Data entries:
★ ★ ★ ★ ★

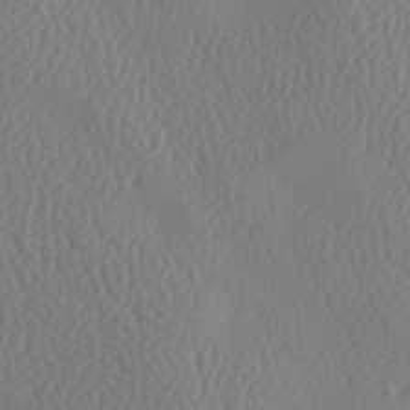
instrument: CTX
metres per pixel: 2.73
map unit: lAa
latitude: -8.6140
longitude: -128.6112
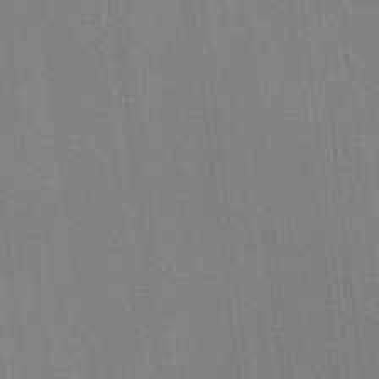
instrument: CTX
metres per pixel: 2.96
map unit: HNhu
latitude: 9.1214
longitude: 16.0094
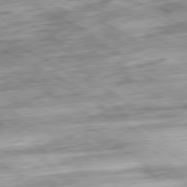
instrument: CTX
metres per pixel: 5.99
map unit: Ap
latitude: -80.8597
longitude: -70.3467
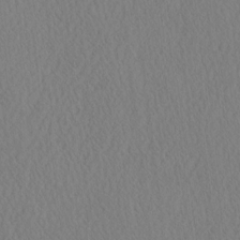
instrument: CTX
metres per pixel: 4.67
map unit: eHh
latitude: -3.3320
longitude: 16.4440
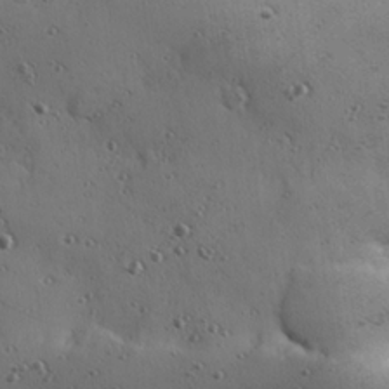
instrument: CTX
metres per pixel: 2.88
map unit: Hve
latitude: 23.8961
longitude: -96.4790
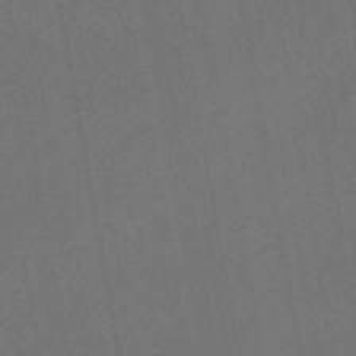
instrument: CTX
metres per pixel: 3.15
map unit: eHb
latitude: -43.5588
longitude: 88.0850
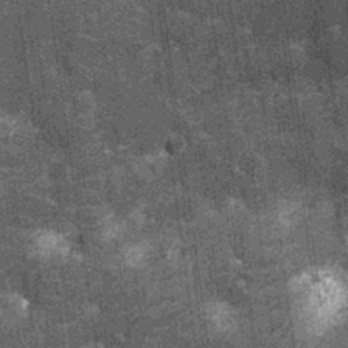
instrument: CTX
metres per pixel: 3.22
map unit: Nhu
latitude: -12.5952
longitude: -22.3089
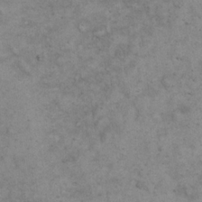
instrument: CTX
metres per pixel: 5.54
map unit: eHh
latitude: 20.6680
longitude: -59.3104
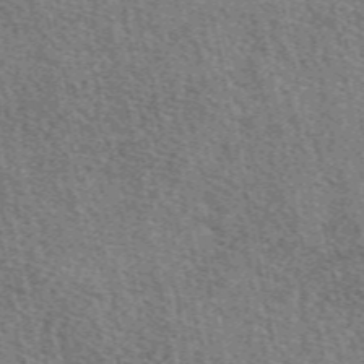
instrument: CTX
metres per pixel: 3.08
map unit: eAb
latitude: 50.1200
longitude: 113.6344
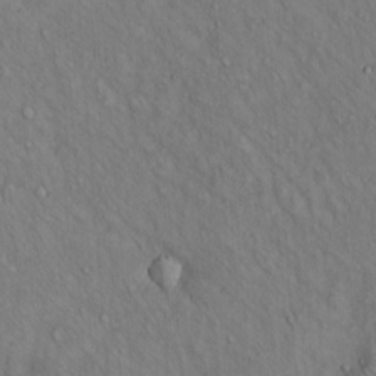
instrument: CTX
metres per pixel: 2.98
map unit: Hto
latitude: 14.2712
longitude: -59.4049
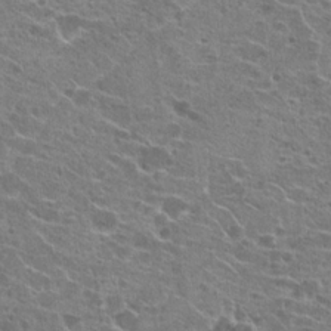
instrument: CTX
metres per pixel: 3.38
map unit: Hto
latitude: 21.9717
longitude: -41.7638
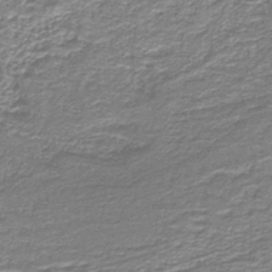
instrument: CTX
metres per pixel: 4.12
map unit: lHb
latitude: -40.1983
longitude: 54.8597
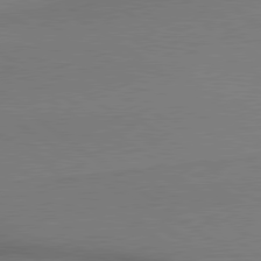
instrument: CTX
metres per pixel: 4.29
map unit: lApd
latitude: 79.4994
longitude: 179.6155
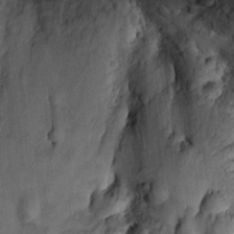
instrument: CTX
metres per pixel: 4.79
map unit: Ht
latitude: 8.9136
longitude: -36.0633
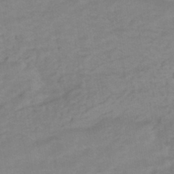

★ ★ ★ ★ ★

What needs to be done: Your task is to restate word for word the lines from the top of the data to the line containing "longitude: -22.3089", both ends included, with every picture left out.

Answer box:
instrument: CTX
metres per pixel: 2.73
map unit: lAa
latitude: -8.6140
longitude: -128.6112
instrument: CTX
metres per pixel: 2.96
map unit: HNhu
latitude: 9.1214
longitude: 16.0094
instrument: CTX
metres per pixel: 5.99
map unit: Ap
latitude: -80.8597
longitude: -70.3467
instrument: CTX
metres per pixel: 4.67
map unit: eHh
latitude: -3.3320
longitude: 16.4440
instrument: CTX
metres per pixel: 2.88
map unit: Hve
latitude: 23.8961
longitude: -96.4790
instrument: CTX
metres per pixel: 3.15
map unit: eHb
latitude: -43.5588
longitude: 88.0850
instrument: CTX
metres per pixel: 3.22
map unit: Nhu
latitude: -12.5952
longitude: -22.3089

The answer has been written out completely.